### PROBLEM DESCRIPTION
For this exercise, transcribe all the records below exactly.

### INFORMATION PROVIDED
....
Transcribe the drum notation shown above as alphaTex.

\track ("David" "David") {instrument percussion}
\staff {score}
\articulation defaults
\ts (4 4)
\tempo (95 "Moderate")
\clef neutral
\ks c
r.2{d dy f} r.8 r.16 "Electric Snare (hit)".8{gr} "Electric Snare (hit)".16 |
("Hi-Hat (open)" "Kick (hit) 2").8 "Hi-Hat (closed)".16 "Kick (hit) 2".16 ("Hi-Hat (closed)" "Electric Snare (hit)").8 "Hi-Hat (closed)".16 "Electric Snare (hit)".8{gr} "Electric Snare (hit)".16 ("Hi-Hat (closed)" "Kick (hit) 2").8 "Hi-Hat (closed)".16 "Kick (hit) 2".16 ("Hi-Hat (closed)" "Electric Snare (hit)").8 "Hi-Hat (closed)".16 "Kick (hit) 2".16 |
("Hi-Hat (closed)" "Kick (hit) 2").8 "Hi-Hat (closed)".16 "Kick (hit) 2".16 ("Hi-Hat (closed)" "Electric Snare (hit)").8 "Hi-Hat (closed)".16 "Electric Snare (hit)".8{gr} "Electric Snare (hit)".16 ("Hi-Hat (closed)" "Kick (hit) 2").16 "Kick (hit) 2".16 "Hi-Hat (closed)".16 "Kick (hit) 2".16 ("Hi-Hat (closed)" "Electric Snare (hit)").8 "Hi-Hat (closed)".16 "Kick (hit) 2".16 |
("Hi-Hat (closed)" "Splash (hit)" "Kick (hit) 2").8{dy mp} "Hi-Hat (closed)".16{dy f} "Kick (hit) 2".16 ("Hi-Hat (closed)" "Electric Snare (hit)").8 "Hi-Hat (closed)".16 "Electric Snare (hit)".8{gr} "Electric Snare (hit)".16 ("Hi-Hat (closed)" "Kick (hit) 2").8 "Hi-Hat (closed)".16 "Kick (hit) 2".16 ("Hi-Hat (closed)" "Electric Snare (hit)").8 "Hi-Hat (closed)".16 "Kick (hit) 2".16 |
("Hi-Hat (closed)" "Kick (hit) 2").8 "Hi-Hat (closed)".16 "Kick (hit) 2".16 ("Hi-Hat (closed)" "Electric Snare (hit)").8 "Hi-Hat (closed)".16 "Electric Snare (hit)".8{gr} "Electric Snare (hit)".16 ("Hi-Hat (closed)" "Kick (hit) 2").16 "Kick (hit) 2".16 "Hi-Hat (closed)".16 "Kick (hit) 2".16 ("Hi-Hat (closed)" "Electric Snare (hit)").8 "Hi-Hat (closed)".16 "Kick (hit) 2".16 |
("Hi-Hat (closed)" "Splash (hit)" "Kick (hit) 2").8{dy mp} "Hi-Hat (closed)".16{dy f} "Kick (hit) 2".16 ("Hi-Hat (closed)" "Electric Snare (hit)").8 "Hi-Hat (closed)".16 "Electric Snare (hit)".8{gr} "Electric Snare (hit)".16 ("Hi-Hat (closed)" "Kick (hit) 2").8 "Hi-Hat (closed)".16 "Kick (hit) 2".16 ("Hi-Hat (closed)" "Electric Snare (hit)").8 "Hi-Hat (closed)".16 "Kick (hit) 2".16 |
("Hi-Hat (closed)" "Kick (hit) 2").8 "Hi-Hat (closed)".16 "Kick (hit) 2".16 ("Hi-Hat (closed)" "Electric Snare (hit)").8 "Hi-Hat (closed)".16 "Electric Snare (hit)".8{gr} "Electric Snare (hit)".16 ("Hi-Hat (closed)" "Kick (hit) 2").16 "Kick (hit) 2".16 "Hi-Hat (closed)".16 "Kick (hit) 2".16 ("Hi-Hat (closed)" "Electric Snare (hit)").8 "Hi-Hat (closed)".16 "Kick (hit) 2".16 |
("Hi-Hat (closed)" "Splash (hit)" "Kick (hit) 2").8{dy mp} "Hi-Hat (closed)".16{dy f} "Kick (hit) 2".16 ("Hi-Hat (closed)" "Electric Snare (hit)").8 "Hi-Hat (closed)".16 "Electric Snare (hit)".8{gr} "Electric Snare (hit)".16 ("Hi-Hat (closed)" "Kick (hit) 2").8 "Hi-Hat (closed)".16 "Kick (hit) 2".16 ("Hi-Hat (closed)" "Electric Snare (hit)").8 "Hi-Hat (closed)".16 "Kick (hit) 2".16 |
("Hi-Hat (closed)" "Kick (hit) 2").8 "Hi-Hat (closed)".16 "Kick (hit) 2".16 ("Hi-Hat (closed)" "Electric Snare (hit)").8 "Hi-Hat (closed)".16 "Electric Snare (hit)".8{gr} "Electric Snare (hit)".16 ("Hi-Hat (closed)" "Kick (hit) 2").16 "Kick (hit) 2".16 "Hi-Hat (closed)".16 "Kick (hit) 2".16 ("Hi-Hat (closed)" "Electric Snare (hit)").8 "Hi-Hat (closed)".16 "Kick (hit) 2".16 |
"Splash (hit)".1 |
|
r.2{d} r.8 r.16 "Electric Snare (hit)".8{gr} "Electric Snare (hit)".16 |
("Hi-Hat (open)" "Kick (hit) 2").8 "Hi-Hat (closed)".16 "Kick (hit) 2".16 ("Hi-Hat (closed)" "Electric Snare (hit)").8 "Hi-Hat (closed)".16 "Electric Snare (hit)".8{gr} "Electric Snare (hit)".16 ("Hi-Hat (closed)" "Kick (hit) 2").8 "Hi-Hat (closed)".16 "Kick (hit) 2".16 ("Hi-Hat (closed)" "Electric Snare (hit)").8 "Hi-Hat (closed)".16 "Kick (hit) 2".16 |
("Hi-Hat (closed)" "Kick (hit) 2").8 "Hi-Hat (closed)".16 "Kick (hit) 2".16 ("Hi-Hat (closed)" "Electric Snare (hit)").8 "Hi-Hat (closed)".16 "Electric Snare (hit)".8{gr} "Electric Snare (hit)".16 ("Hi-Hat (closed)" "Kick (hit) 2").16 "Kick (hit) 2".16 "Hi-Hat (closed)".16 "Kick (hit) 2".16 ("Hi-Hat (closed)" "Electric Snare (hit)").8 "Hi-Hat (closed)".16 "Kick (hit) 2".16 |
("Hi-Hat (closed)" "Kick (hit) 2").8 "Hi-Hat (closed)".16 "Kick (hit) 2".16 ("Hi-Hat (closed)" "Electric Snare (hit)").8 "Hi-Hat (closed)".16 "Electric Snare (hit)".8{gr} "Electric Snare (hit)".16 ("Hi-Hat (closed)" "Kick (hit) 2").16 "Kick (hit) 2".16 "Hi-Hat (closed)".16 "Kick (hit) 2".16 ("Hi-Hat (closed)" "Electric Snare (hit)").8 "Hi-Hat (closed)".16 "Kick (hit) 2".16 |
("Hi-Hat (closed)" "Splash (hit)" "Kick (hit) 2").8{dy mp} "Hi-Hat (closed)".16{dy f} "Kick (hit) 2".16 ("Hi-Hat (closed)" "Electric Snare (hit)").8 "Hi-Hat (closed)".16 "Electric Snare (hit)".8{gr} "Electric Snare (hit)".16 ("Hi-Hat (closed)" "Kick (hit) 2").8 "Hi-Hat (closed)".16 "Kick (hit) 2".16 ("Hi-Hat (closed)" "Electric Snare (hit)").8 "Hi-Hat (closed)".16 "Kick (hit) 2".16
....
### ANSWER TO THIS EXERCISE
Transcribe the drum notation shown above as alphaTex.

\track ("David" "David") {instrument percussion}
\staff {score}
\articulation defaults
\ts (4 4)
\tempo (95 "Moderate")
\clef neutral
\ks c
r.2{d dy f} r.8 r.16 "Electric Snare (hit)".8{gr} "Electric Snare (hit)".16 |
("Hi-Hat (open)" "Kick (hit) 2").8 "Hi-Hat (closed)".16 "Kick (hit) 2".16 ("Hi-Hat (closed)" "Electric Snare (hit)").8 "Hi-Hat (closed)".16 "Electric Snare (hit)".8{gr} "Electric Snare (hit)".16 ("Hi-Hat (closed)" "Kick (hit) 2").8 "Hi-Hat (closed)".16 "Kick (hit) 2".16 ("Hi-Hat (closed)" "Electric Snare (hit)").8 "Hi-Hat (closed)".16 "Kick (hit) 2".16 |
("Hi-Hat (closed)" "Kick (hit) 2").8 "Hi-Hat (closed)".16 "Kick (hit) 2".16 ("Hi-Hat (closed)" "Electric Snare (hit)").8 "Hi-Hat (closed)".16 "Electric Snare (hit)".8{gr} "Electric Snare (hit)".16 ("Hi-Hat (closed)" "Kick (hit) 2").16 "Kick (hit) 2".16 "Hi-Hat (closed)".16 "Kick (hit) 2".16 ("Hi-Hat (closed)" "Electric Snare (hit)").8 "Hi-Hat (closed)".16 "Kick (hit) 2".16 |
("Hi-Hat (closed)" "Splash (hit)" "Kick (hit) 2").8{dy mp} "Hi-Hat (closed)".16{dy f} "Kick (hit) 2".16 ("Hi-Hat (closed)" "Electric Snare (hit)").8 "Hi-Hat (closed)".16 "Electric Snare (hit)".8{gr} "Electric Snare (hit)".16 ("Hi-Hat (closed)" "Kick (hit) 2").8 "Hi-Hat (closed)".16 "Kick (hit) 2".16 ("Hi-Hat (closed)" "Electric Snare (hit)").8 "Hi-Hat (closed)".16 "Kick (hit) 2".16 |
("Hi-Hat (closed)" "Kick (hit) 2").8 "Hi-Hat (closed)".16 "Kick (hit) 2".16 ("Hi-Hat (closed)" "Electric Snare (hit)").8 "Hi-Hat (closed)".16 "Electric Snare (hit)".8{gr} "Electric Snare (hit)".16 ("Hi-Hat (closed)" "Kick (hit) 2").16 "Kick (hit) 2".16 "Hi-Hat (closed)".16 "Kick (hit) 2".16 ("Hi-Hat (closed)" "Electric Snare (hit)").8 "Hi-Hat (closed)".16 "Kick (hit) 2".16 |
("Hi-Hat (closed)" "Splash (hit)" "Kick (hit) 2").8{dy mp} "Hi-Hat (closed)".16{dy f} "Kick (hit) 2".16 ("Hi-Hat (closed)" "Electric Snare (hit)").8 "Hi-Hat (closed)".16 "Electric Snare (hit)".8{gr} "Electric Snare (hit)".16 ("Hi-Hat (closed)" "Kick (hit) 2").8 "Hi-Hat (closed)".16 "Kick (hit) 2".16 ("Hi-Hat (closed)" "Electric Snare (hit)").8 "Hi-Hat (closed)".16 "Kick (hit) 2".16 |
("Hi-Hat (closed)" "Kick (hit) 2").8 "Hi-Hat (closed)".16 "Kick (hit) 2".16 ("Hi-Hat (closed)" "Electric Snare (hit)").8 "Hi-Hat (closed)".16 "Electric Snare (hit)".8{gr} "Electric Snare (hit)".16 ("Hi-Hat (closed)" "Kick (hit) 2").16 "Kick (hit) 2".16 "Hi-Hat (closed)".16 "Kick (hit) 2".16 ("Hi-Hat (closed)" "Electric Snare (hit)").8 "Hi-Hat (closed)".16 "Kick (hit) 2".16 |
("Hi-Hat (closed)" "Splash (hit)" "Kick (hit) 2").8{dy mp} "Hi-Hat (closed)".16{dy f} "Kick (hit) 2".16 ("Hi-Hat (closed)" "Electric Snare (hit)").8 "Hi-Hat (closed)".16 "Electric Snare (hit)".8{gr} "Electric Snare (hit)".16 ("Hi-Hat (closed)" "Kick (hit) 2").8 "Hi-Hat (closed)".16 "Kick (hit) 2".16 ("Hi-Hat (closed)" "Electric Snare (hit)").8 "Hi-Hat (closed)".16 "Kick (hit) 2".16 |
("Hi-Hat (closed)" "Kick (hit) 2").8 "Hi-Hat (closed)".16 "Kick (hit) 2".16 ("Hi-Hat (closed)" "Electric Snare (hit)").8 "Hi-Hat (closed)".16 "Electric Snare (hit)".8{gr} "Electric Snare (hit)".16 ("Hi-Hat (closed)" "Kick (hit) 2").16 "Kick (hit) 2".16 "Hi-Hat (closed)".16 "Kick (hit) 2".16 ("Hi-Hat (closed)" "Electric Snare (hit)").8 "Hi-Hat (closed)".16 "Kick (hit) 2".16 |
"Splash (hit)".1 |
|
r.2{d} r.8 r.16 "Electric Snare (hit)".8{gr} "Electric Snare (hit)".16 |
("Hi-Hat (open)" "Kick (hit) 2").8 "Hi-Hat (closed)".16 "Kick (hit) 2".16 ("Hi-Hat (closed)" "Electric Snare (hit)").8 "Hi-Hat (closed)".16 "Electric Snare (hit)".8{gr} "Electric Snare (hit)".16 ("Hi-Hat (closed)" "Kick (hit) 2").8 "Hi-Hat (closed)".16 "Kick (hit) 2".16 ("Hi-Hat (closed)" "Electric Snare (hit)").8 "Hi-Hat (closed)".16 "Kick (hit) 2".16 |
("Hi-Hat (closed)" "Kick (hit) 2").8 "Hi-Hat (closed)".16 "Kick (hit) 2".16 ("Hi-Hat (closed)" "Electric Snare (hit)").8 "Hi-Hat (closed)".16 "Electric Snare (hit)".8{gr} "Electric Snare (hit)".16 ("Hi-Hat (closed)" "Kick (hit) 2").16 "Kick (hit) 2".16 "Hi-Hat (closed)".16 "Kick (hit) 2".16 ("Hi-Hat (closed)" "Electric Snare (hit)").8 "Hi-Hat (closed)".16 "Kick (hit) 2".16 |
("Hi-Hat (closed)" "Kick (hit) 2").8 "Hi-Hat (closed)".16 "Kick (hit) 2".16 ("Hi-Hat (closed)" "Electric Snare (hit)").8 "Hi-Hat (closed)".16 "Electric Snare (hit)".8{gr} "Electric Snare (hit)".16 ("Hi-Hat (closed)" "Kick (hit) 2").16 "Kick (hit) 2".16 "Hi-Hat (closed)".16 "Kick (hit) 2".16 ("Hi-Hat (closed)" "Electric Snare (hit)").8 "Hi-Hat (closed)".16 "Kick (hit) 2".16 |
("Hi-Hat (closed)" "Splash (hit)" "Kick (hit) 2").8{dy mp} "Hi-Hat (closed)".16{dy f} "Kick (hit) 2".16 ("Hi-Hat (closed)" "Electric Snare (hit)").8 "Hi-Hat (closed)".16 "Electric Snare (hit)".8{gr} "Electric Snare (hit)".16 ("Hi-Hat (closed)" "Kick (hit) 2").8 "Hi-Hat (closed)".16 "Kick (hit) 2".16 ("Hi-Hat (closed)" "Electric Snare (hit)").8 "Hi-Hat (closed)".16 "Kick (hit) 2".16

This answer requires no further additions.